There was a touching moment early on in the three-day festival when the Chief Minister of Penang, Lim Guan Eng, embraced septuagenarian writer A. Samad Said. Politicians and poets don’t usually make the best bedfellows, but this was a very genuine meeting of hearts and minds. A. Samad Said, Malaysia’s “national laureate,” had just read some of his evocative poems in Malay. He is also involved with Bersih 2.0, a group that pushes for electoral reform, and last year, Said was questioned by the authorities over the poems he had read at one of the rallies as they were suspected of being seditious. Lim Guan Eng, who opened the Festival, has actually trumped this, as he has previously been to prison for sedition and served a full year of his sentence. Lim said, with great restraint but deep feeling, “Anyone can be a friend of the Chief Minister but when you’ve just come out of prison, you know your real friends.”

A. Samad Said is a novelist as well as a poet. One of his novels, Morning Rain, describes the subtle power structures and hidden censorship within a newspaper. He believes that the mainstream press is controlled, so one must go to alternative media – frequently the internet – for a more accurate viewpoint. At 77 years old and with the help of his grandson, he has got himself on Facebook and writes on his page every day. “We don’t want different political parties,” he declared roundly, “we want a different relationship to the state.”

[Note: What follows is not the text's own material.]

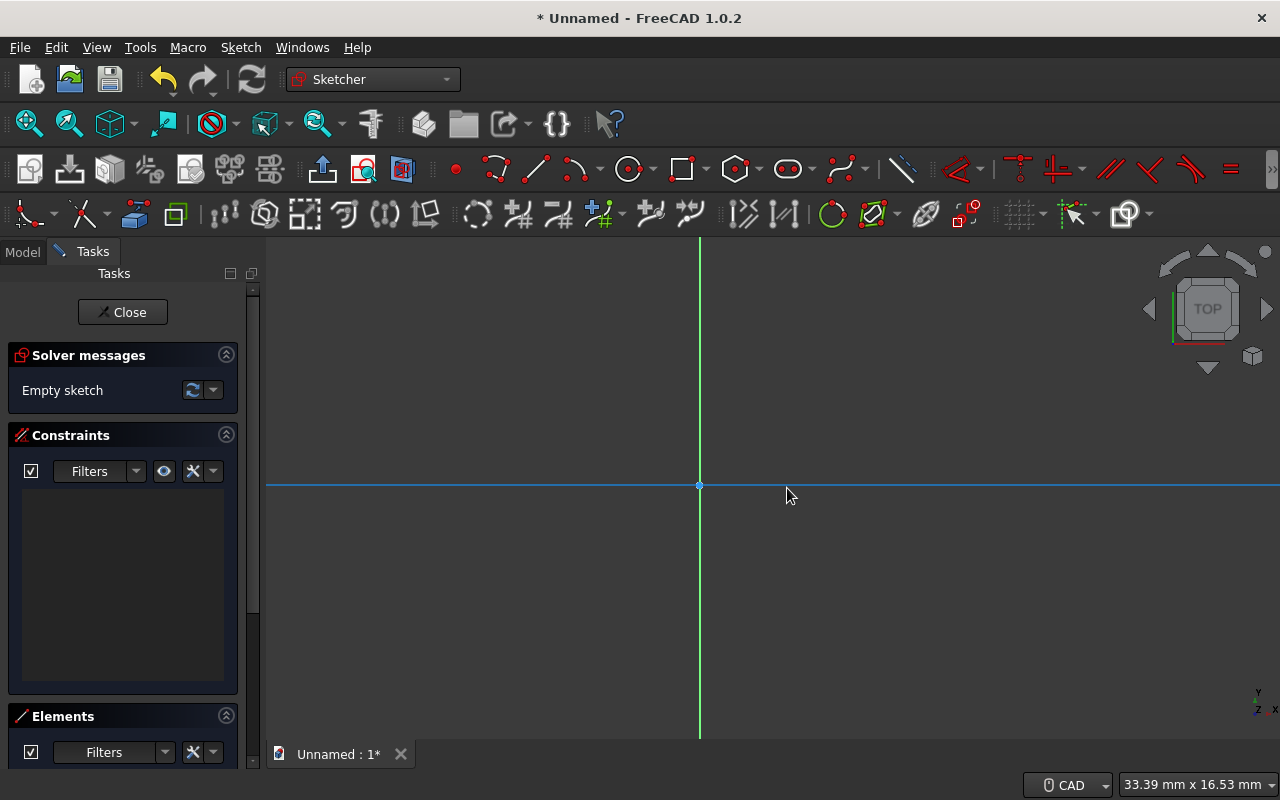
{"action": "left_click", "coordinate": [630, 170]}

His remarks were made during a panel discussion by Linda Christanty, Alfian Sa’at, Andre Vltchek, David van Reybrouck, and A. Samad Said, which was a central event of the festival. Intriguingly entitled “My Democracy,” a play on the short form of “Malaysia” (MY) coupled with an invitation to respond personally to the notion of what a democratic process should look like. Given that there were writers present from Indonesia, Belgium, and Russia who had among them lived in South America, Europe, and Africa, as well as locals, the debate was wide-ranging and global.

David van Reybrouck, author of the seminal work Congo – a narrative woven together from five hundred people who suffered under the shadow of colonialism – made the point that, “Writing requires you to sit down and be on your own, but it is hard to write when the roof is leaking.” He likened the state of democracy to a leaky roof, where people are invited to cast their vote every four years but little else. He has taken time out from writing to form G1000 (, a website that aims to enrich democracy by inviting participatory debate.

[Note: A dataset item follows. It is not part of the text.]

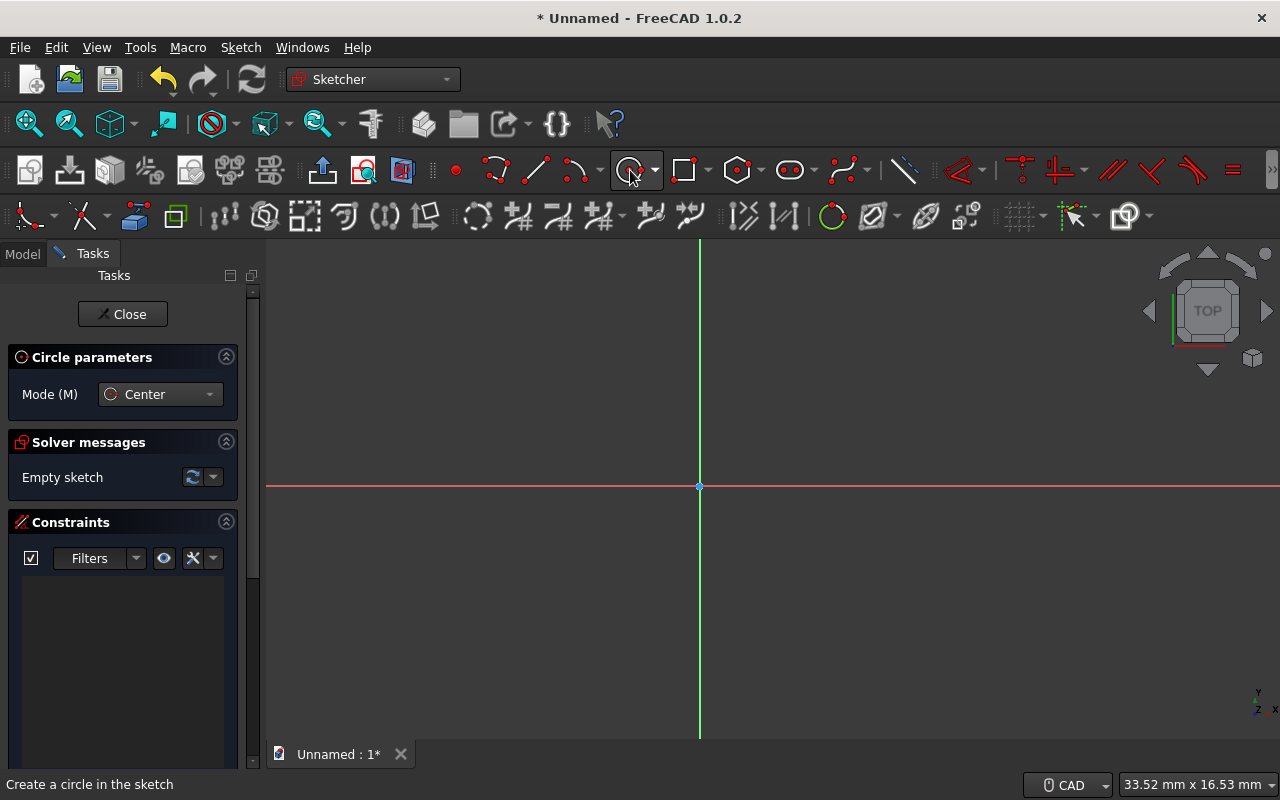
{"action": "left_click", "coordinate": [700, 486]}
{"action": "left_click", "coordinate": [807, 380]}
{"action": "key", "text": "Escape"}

Linda Christanty made the point that in her home country, Indonesia, the government used cultural and religious beliefs to control the discourse so that writers had to write more allegorically as a result. Andre Vltchek, spoke about the political concerns of the classical novelists (such as Balzac, Dickens, and Dostoevsky) who addressed serious issues of the day without sugar-coating them with entertainment. He also mentioned that politicians can try to lull voters into a false sense of security by denying the role of sacrifice in getting to the next step. In other words, there are tough choices to be made, and we all have to be prepared to be part of the decision-making process.

It was entirely fitting that the Chief Minister of Penang opened the Literary Festival. Not only was he influential in getting it going in the first place, but he has also had a hand in creating a more international Penang; one that acknowledges the dreams of the people who came as migrants from all over the world to create the multicultural island we know today. We must hope that the evolution of an increasingly cultural city keeps an open door to those who want to visit or live here; it’s the only way that Penang will ever truly be international.